→ Assignment: After reading the data below, copy out every line that contains the word "gelatin".
-- The data follows --
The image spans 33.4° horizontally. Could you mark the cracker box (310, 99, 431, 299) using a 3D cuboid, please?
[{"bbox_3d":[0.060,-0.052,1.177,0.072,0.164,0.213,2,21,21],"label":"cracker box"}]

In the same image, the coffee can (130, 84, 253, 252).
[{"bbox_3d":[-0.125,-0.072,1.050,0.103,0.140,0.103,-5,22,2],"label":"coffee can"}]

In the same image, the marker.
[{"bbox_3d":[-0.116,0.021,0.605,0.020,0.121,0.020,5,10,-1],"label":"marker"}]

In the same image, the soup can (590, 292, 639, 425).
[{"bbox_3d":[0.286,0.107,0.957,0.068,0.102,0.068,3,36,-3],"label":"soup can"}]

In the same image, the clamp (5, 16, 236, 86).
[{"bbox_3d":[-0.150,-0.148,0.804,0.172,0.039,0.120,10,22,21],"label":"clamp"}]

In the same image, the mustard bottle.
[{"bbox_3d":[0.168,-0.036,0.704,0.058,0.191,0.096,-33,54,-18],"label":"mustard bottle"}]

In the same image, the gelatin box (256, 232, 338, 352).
-- The data concluded --
-- The data follows --
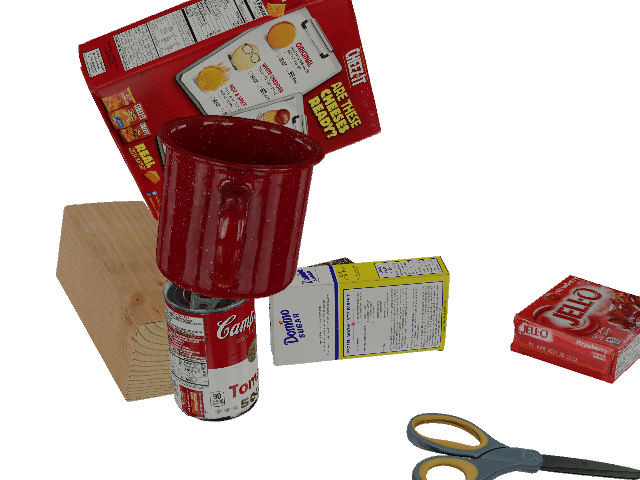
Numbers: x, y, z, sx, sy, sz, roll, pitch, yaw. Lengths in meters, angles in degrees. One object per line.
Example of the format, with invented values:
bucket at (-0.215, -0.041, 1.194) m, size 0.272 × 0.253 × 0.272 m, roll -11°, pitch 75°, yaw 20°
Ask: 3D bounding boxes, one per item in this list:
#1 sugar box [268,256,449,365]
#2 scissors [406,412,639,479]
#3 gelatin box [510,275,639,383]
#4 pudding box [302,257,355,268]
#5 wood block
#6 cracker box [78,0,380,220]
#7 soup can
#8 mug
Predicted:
-- The data concluded --
→ Exercise answer:
In the same image, the gelatin box (256, 232, 338, 352).
#3 gelatin box [510,275,639,383]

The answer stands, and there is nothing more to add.